# Le Cordon Bleu



## chaz585 (Oct 26, 2001)

I'm considering the Le Cordon Bleu Institute in Mendota Heights, Minnesota....anybody out there have any opinions on it? How about Le Cordon Bleu schools in general?


----------



## greg (Dec 8, 1999)

Here's the standard reply: School is what you make of it. Some schools are better than others, though. I've heard some bad things in the past regarding that particular school and it's students, but I currently have a capable cook working for me that goes there; I'll check with him for specifics. I'd also look into The Art Institute's program; another of my cooks is a student there.

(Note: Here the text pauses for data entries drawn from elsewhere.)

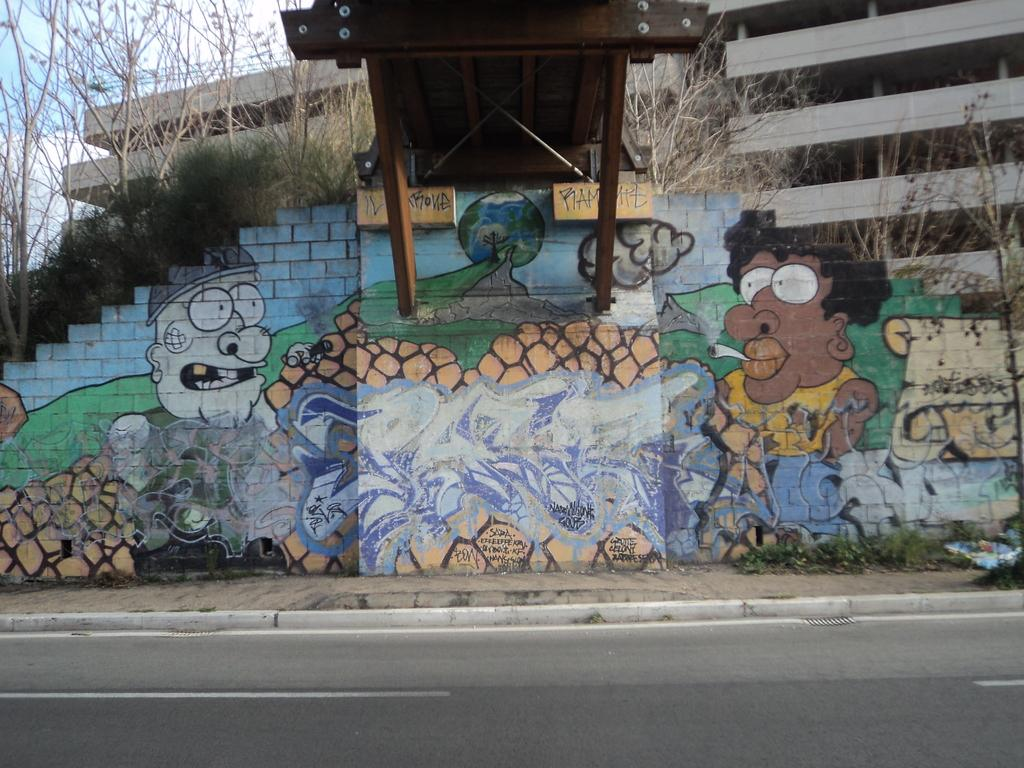What can be seen on the wall in the image? There are paintings on the wall in the image. What type of natural scenery is visible in the image? There are trees visible in the image. What type of structure is present in the image? There is a wooden bridge in the image. What type of man-made structure is present in the image? There is a building in the image. What can be seen in the background of the image? The sky is visible in the background of the image. Where is the lamp located in the image? There is no lamp present in the image. What type of dirt can be seen on the wooden bridge in the image? There is no dirt visible on the wooden bridge in the image. 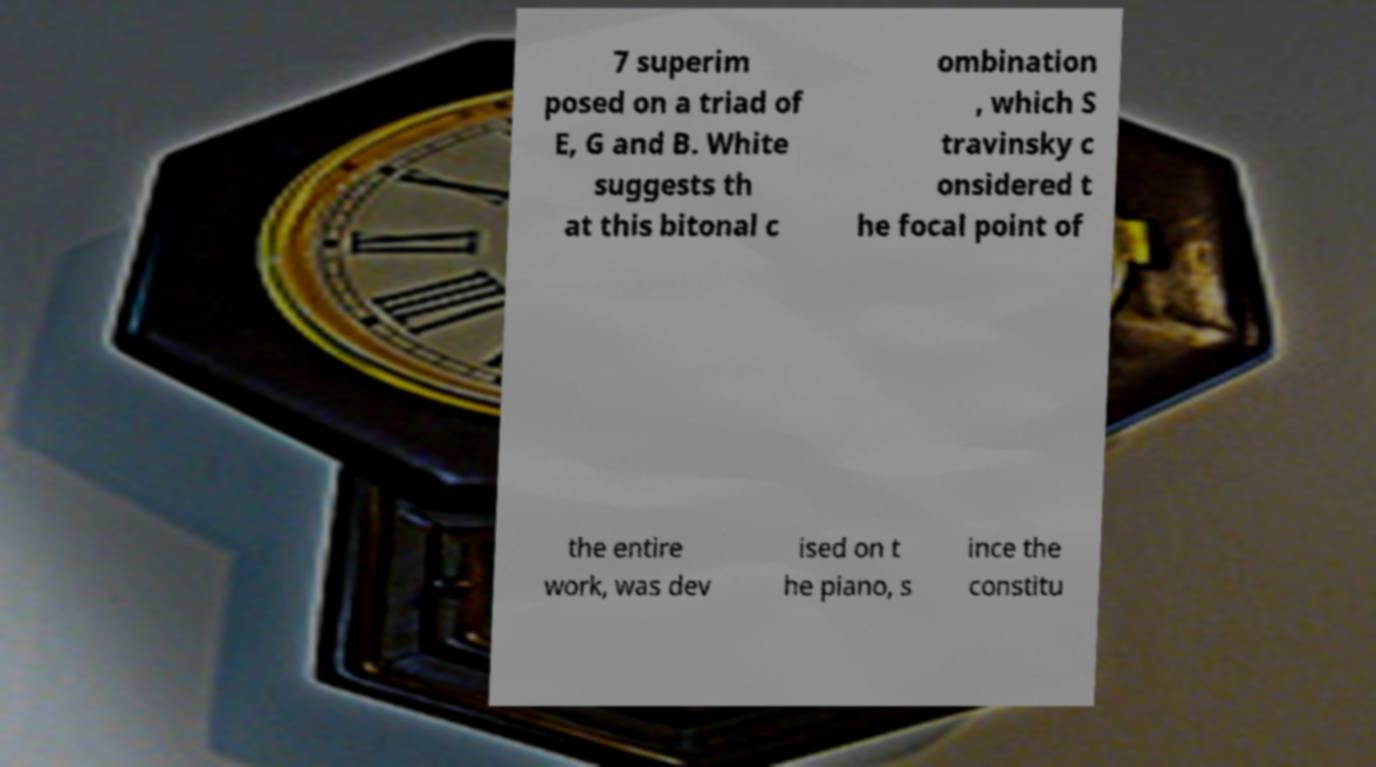For documentation purposes, I need the text within this image transcribed. Could you provide that? 7 superim posed on a triad of E, G and B. White suggests th at this bitonal c ombination , which S travinsky c onsidered t he focal point of the entire work, was dev ised on t he piano, s ince the constitu 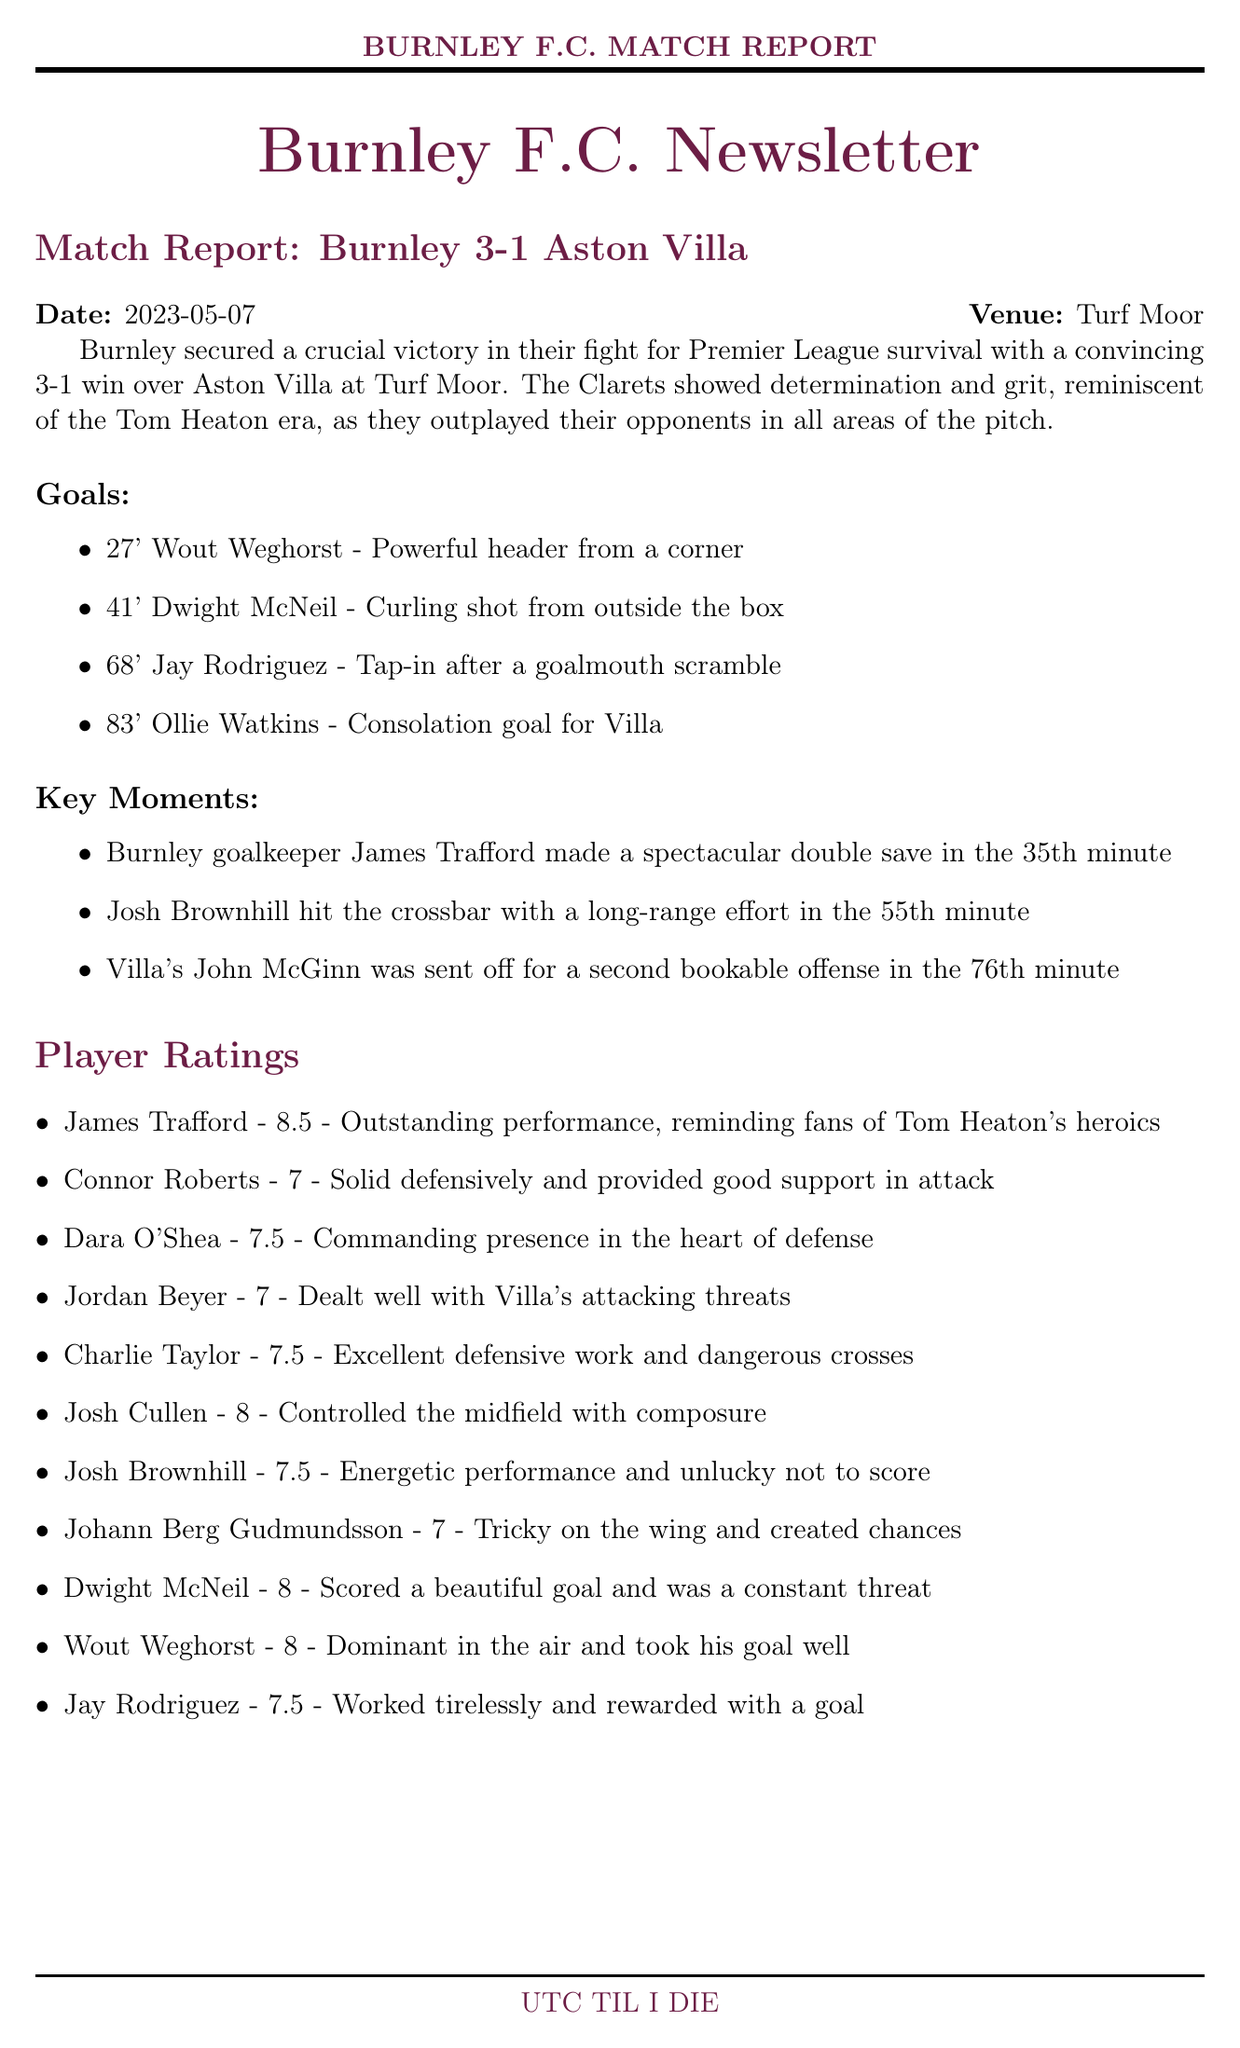what was the result of the match? The document states that Burnley secured a victory with a score of 3-1 against Aston Villa.
Answer: Burnley 3-1 Aston Villa who scored Burnley's first goal? According to the document, Wout Weghorst scored the first goal in the 27th minute.
Answer: Wout Weghorst what was James Trafford's player rating? The player ratings indicate that James Trafford received a score of 8.5 for his performance.
Answer: 8.5 how many goals did Aston Villa score? The match report mentions that Aston Villa scored one goal.
Answer: 1 what key moment involved James Trafford? The document highlights that James Trafford made a spectacular double save in the 35th minute as a key moment.
Answer: Spectacular double save in the 35th minute who was considered the player of the match by fans? According to the fan perspective, many fans agreed that Dwight McNeil's performance was worthy of the Man of the Match award.
Answer: Dwight McNeil what was the atmosphere described at Turf Moor? The document describes the atmosphere at Turf Moor as electric, with fans chanting Tom Heaton's name.
Answer: Electric how did Burnley's victory impact their survival chances? The newsletter indicates that the victory significantly improved Burnley's chances of avoiding relegation.
Answer: Significantly improved what were James Trafford's key stats? The document lists James Trafford's key stats: 6 saves, 0 clean sheets, and 89% pass accuracy.
Answer: 6 saves, 0 clean sheets, 89% pass accuracy 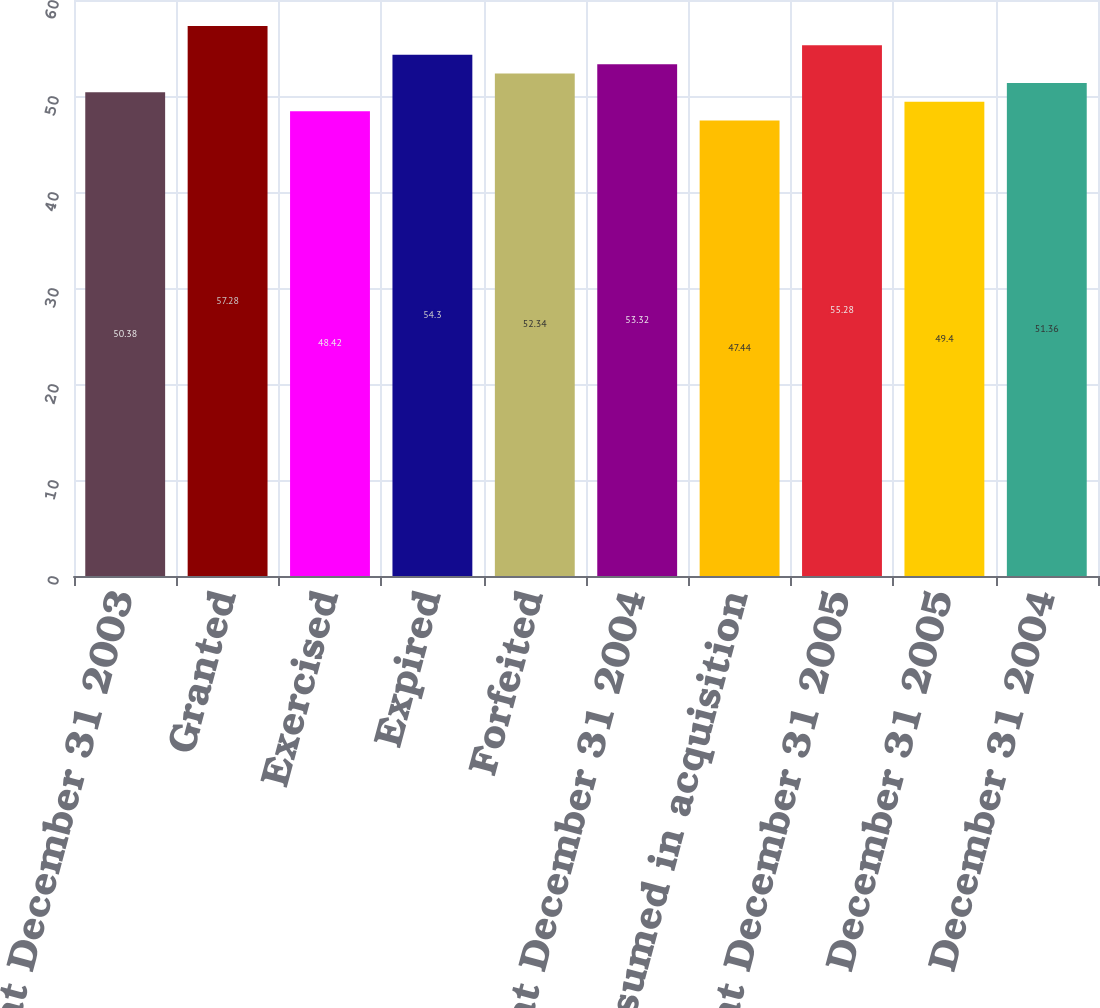Convert chart. <chart><loc_0><loc_0><loc_500><loc_500><bar_chart><fcel>Balance at December 31 2003<fcel>Granted<fcel>Exercised<fcel>Expired<fcel>Forfeited<fcel>Balance at December 31 2004<fcel>Assumed in acquisition<fcel>Balance at December 31 2005<fcel>December 31 2005<fcel>December 31 2004<nl><fcel>50.38<fcel>57.28<fcel>48.42<fcel>54.3<fcel>52.34<fcel>53.32<fcel>47.44<fcel>55.28<fcel>49.4<fcel>51.36<nl></chart> 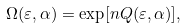Convert formula to latex. <formula><loc_0><loc_0><loc_500><loc_500>\Omega ( \varepsilon , \alpha ) = \exp [ n Q ( \varepsilon , \alpha ) ] ,</formula> 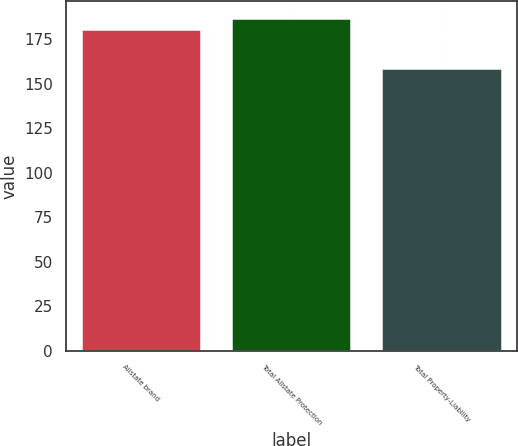<chart> <loc_0><loc_0><loc_500><loc_500><bar_chart><fcel>Allstate brand<fcel>Total Allstate Protection<fcel>Total Property-Liability<nl><fcel>181<fcel>187<fcel>159<nl></chart> 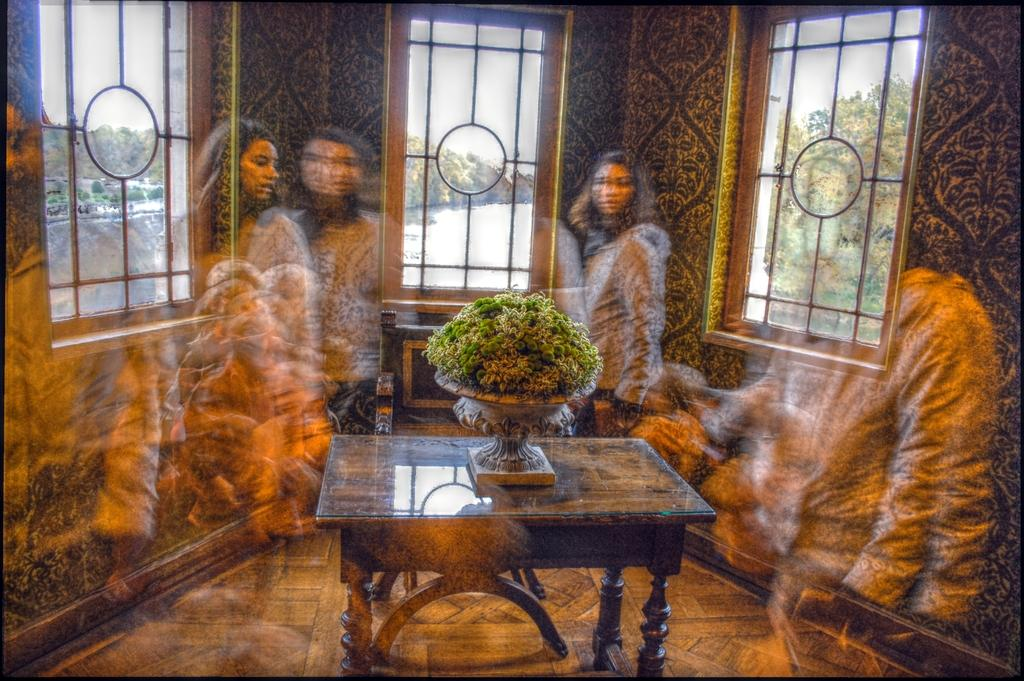Where is the image taken? The image is inside a room. What can be found on a table in the room? There is a plant on a table in the room. Who is present in the room? A woman is standing in the room. What is a source of natural light in the room? There is a window in the room. What can be seen outside the window? Trees are visible outside the window. What type of water body is present in the image? The image contains a freshwater river. Can you see a hose being used to water the plants in the image? There is no hose visible in the image. Is there a giraffe or bear present in the room? Neither a giraffe nor a bear is present in the image. 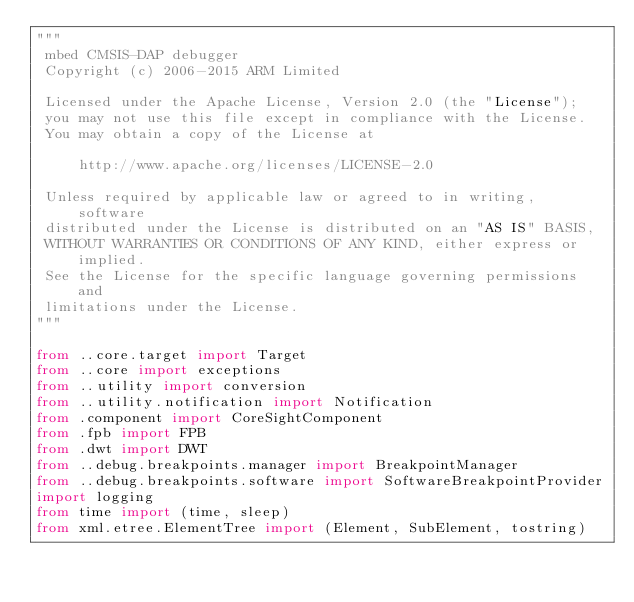Convert code to text. <code><loc_0><loc_0><loc_500><loc_500><_Python_>"""
 mbed CMSIS-DAP debugger
 Copyright (c) 2006-2015 ARM Limited

 Licensed under the Apache License, Version 2.0 (the "License");
 you may not use this file except in compliance with the License.
 You may obtain a copy of the License at

     http://www.apache.org/licenses/LICENSE-2.0

 Unless required by applicable law or agreed to in writing, software
 distributed under the License is distributed on an "AS IS" BASIS,
 WITHOUT WARRANTIES OR CONDITIONS OF ANY KIND, either express or implied.
 See the License for the specific language governing permissions and
 limitations under the License.
"""

from ..core.target import Target
from ..core import exceptions
from ..utility import conversion
from ..utility.notification import Notification
from .component import CoreSightComponent
from .fpb import FPB
from .dwt import DWT
from ..debug.breakpoints.manager import BreakpointManager
from ..debug.breakpoints.software import SoftwareBreakpointProvider
import logging
from time import (time, sleep)
from xml.etree.ElementTree import (Element, SubElement, tostring)
</code>

I'm pretty impressed with their program from what she's told me about it.


----------



## chaz585 (Oct 26, 2001)

Thanks for the info.....if you get anymore on the inside scoop, let me know!


----------



## thirteendog (Nov 16, 2001)

I got to Le Cordon Bleu at Scottsdale Culinary Institute and I think it's pretty good. Apparently all the campuses are owned by the same group, but my campus is supposedly the crown jewel of the bunch. I dunno they may tell everyone that but we did just open a second campus due to growth. It's a multimillion dollar facility and we still have the 'old' building down the street which houses our 3 star fine dining restaurant and we're already opening a second, less formal dining room at the new building. we run them both ourselves and they are open to the public year round. it's a great program, less formal and stuffy than the CIA, and more focused on production than J&W.. I was accepted to CIA Hyde Park, CIA Greystone and J&W Denver, but decided to come to scottsdale. does this help ???


----------



## chaz585 (Oct 26, 2001)

Thank you thirteendog...that does help....but i'm still hoping to hook up with someone who knows the minnesota campus. Thank you and good luck!


----------